Latin American Nominees For The 2017 Oscars

By - 17 February, 2017

After being one of the major players in recent Academy Awards history it seems as if Latin America’s run of success is coming to end as this year only a handful of nominations hail from the continent. This is in stark contrast to the past fifteen years which has seen Latin Americans (though it must be said, mainly Mexicans with some Argentines, Brazilians and the odd Chilean or Puerto Rican) feature heavily, with the Best Director being Mexican for the past three years, with The Secret In Their Eyes winning Best Foreign Film in 2009 and Alejandro González Iñárritu’s Birdman winning Best Picture in 2014.

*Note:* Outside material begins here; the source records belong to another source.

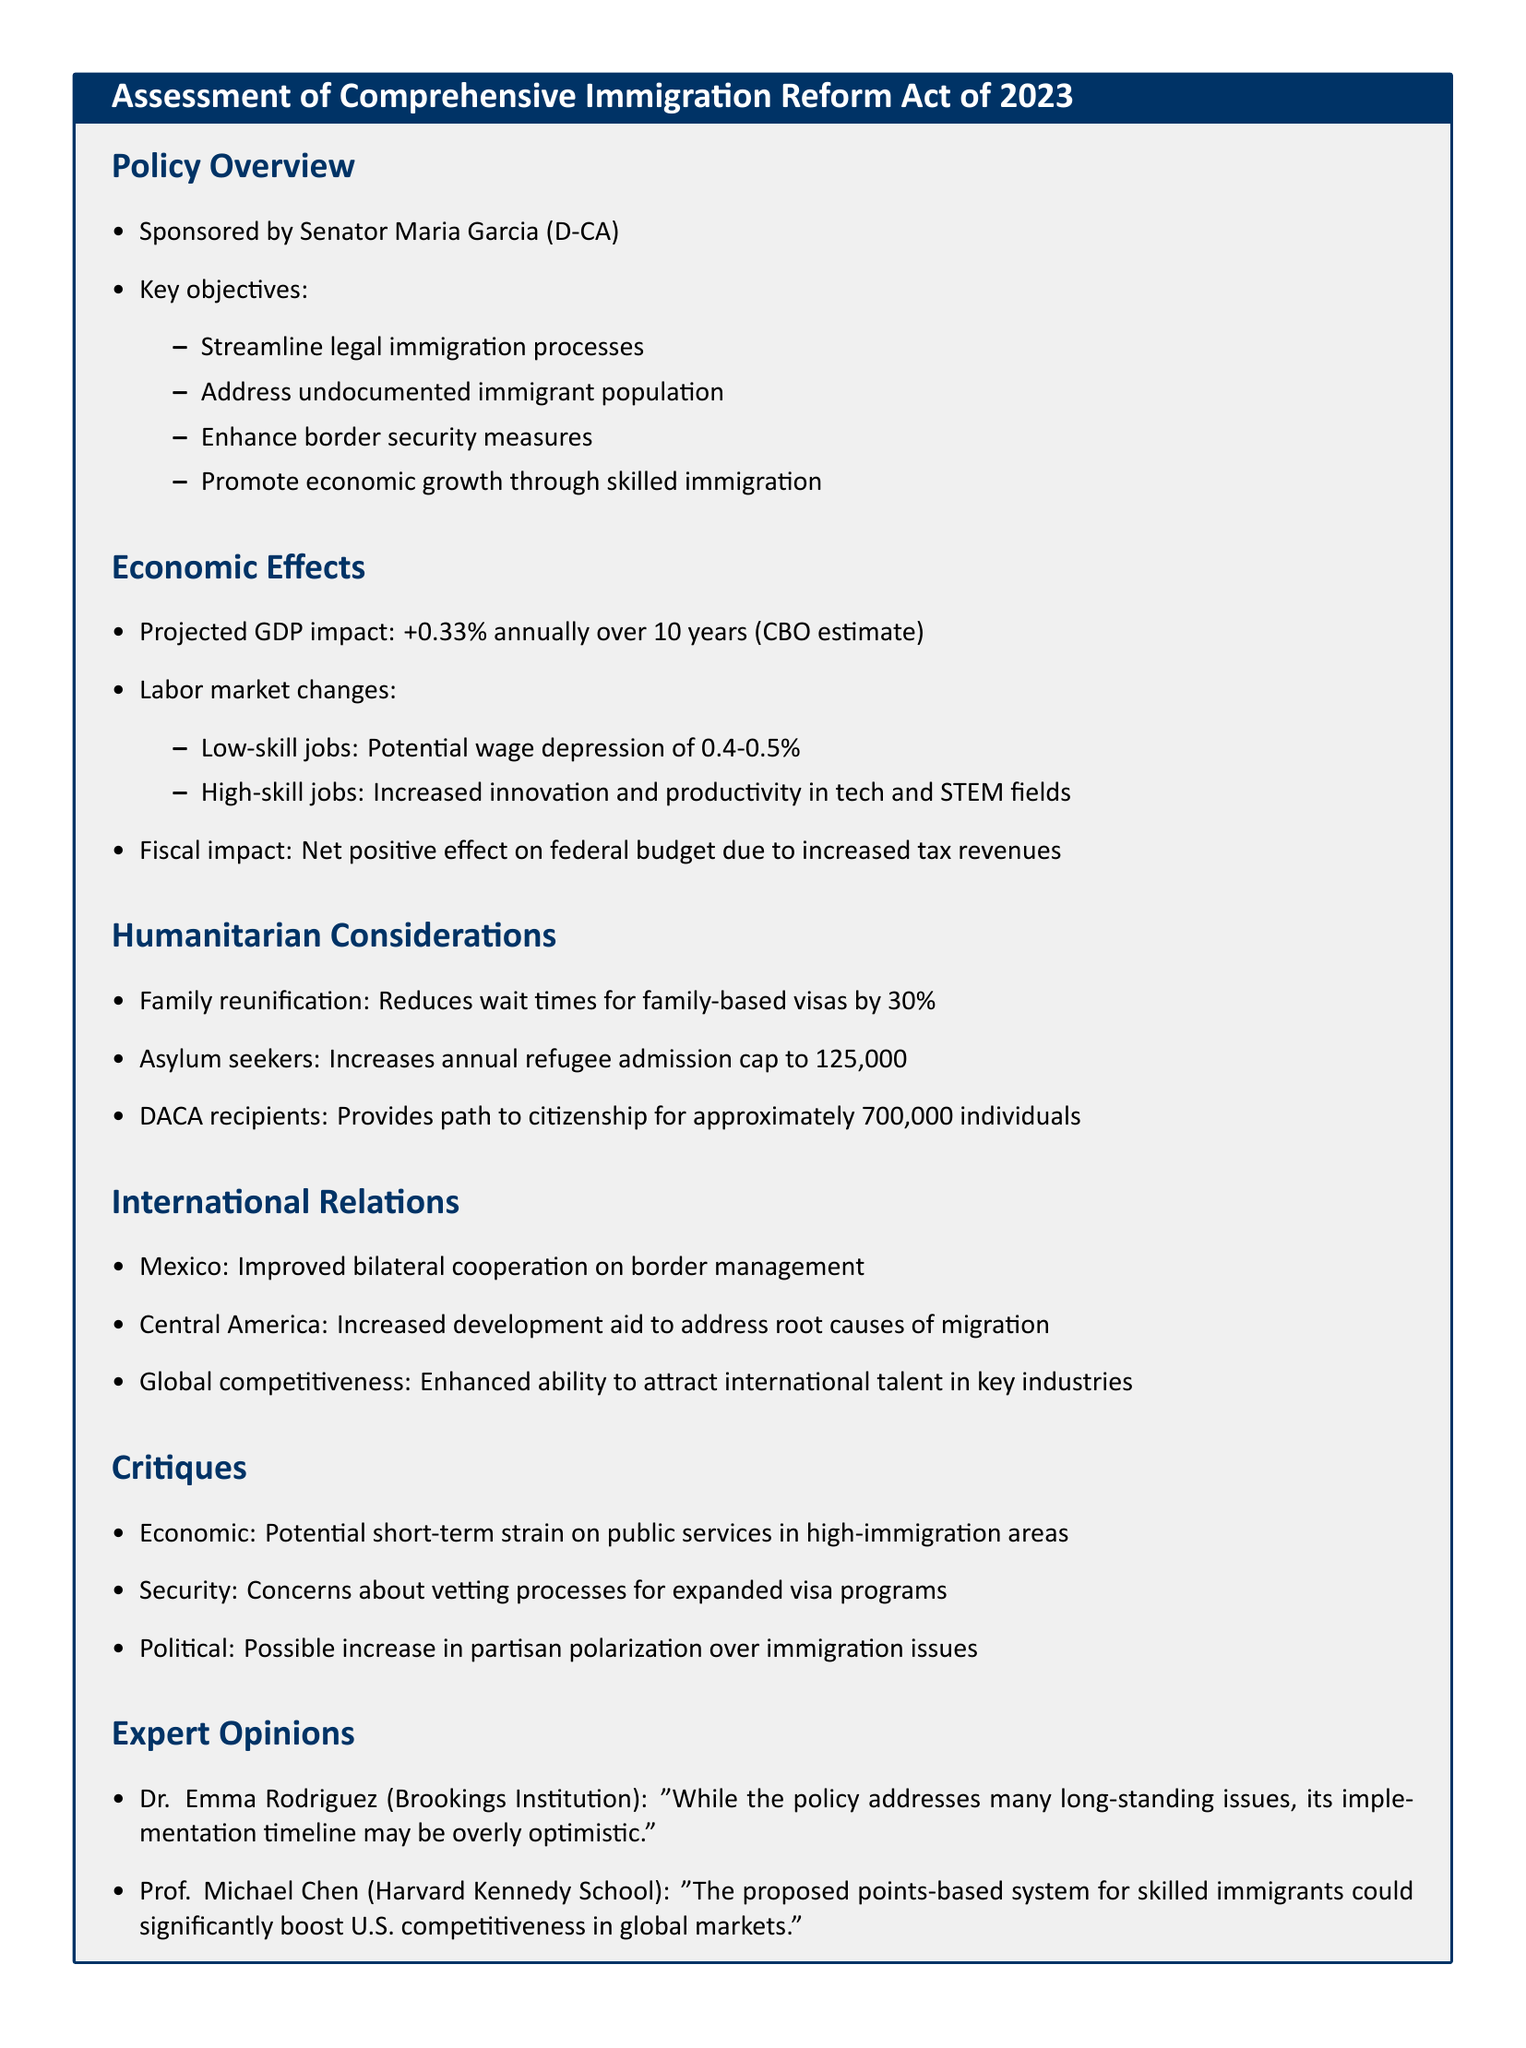What are the key objectives of the proposed policy? The key objectives are to streamline legal immigration processes, address undocumented immigrant population, enhance border security measures, and promote economic growth through skilled immigration.
Answer: Streamline legal immigration processes, address undocumented immigrant population, enhance border security measures, promote economic growth through skilled immigration What is the projected GDP impact of the policy? The projected GDP impact is mentioned as +0.33% annually over 10 years according to the CBO estimate.
Answer: +0.33% annually over 10 years How much does the policy increase the annual refugee admission cap? The document states that the policy increases the annual refugee admission cap to 125,000.
Answer: 125,000 How many DACA recipients could receive a path to citizenship? The document specifies that approximately 700,000 DACA recipients could receive a path to citizenship.
Answer: Approximately 700,000 What are the concerns regarding the expanded visa programs? The document highlights security concerns about vetting processes for expanded visa programs.
Answer: Vetting processes Does the document mention potential wage effects in low-skill jobs? Yes, it states that there could be a potential wage depression of 0.4-0.5% in low-skill jobs.
Answer: 0.4-0.5% Who sponsored the Comprehensive Immigration Reform Act of 2023? The document indicates that Senator Maria Garcia (D-CA) sponsored the act.
Answer: Senator Maria Garcia (D-CA) What expert opinion is provided regarding the implementation timeline? Dr. Emma Rodriguez expresses concern that the implementation timeline may be overly optimistic.
Answer: Overly optimistic What is one proposed benefit of the points-based system for skilled immigrants? Prof. Michael Chen notes that the proposed points-based system could significantly boost U.S. competitiveness in global markets.
Answer: Boost U.S. competitiveness in global markets

The biggest surprise has been in the Best Foreign Film category where many thought Pablo Larraín’s Neruda, a poetic take on a chapter in Pablo Neruda’s life, would get a nomination, but missed out in the end, meaning that no Latin American films got a nomination in the category for only the 3rd time in the past 8 years. It would have been interesting had Kleber Mendonça Filho’s Aquarius got picked as Brazil’s contender for the nomination list, though unfortunately it controversially missed out on even being in the running.

Which leaves the main Latin American contender being for another Pablo Larraín film, his first English-language film, Jackie, starring Natalie Portman, which intimately tells the story of Jackie Kennedy in the lead-up to, and the years following, JFK’s assassination. The film has been nominated in the Best Actress, Best Original Score and Best Costume Design categories.

Finding other Latino nominations is harder, but there is a sprinkling. Serial award-winner Lin-Manuel Miranda is up for Best Song for his Moana tune, “How Far I’ll Go”. If he were to win that would put him in the rare company of people who’ve won the EGOT quartet (Emmy, Grammy, Oscar, Tony). Finally, Rodrigo Prieto has his second ever nomination for Best Cinematographer for his work on Martin Scorsese’s Silence.

The increased nominations for African Americans this time round, following the #OscarsSoWhite controversy last year, shows that there is more diversity on offer, and even has many commentators asking “Will Diversity Win The Day?“, but on the other hand the lack of Latin American talent has opened up a completely different debate. And perhaps it’s no surprise that Santiago Pozo wrote in Deadline that the “Oscars are Black and White, But Not Brown”, asking and hoping that there will be “true multicultural presenters” at this year’s Oscars show.

What do you think? Will diversity win? And if so, is that diversity inclusive enough if it only includes a sprinkling of Latin Americans?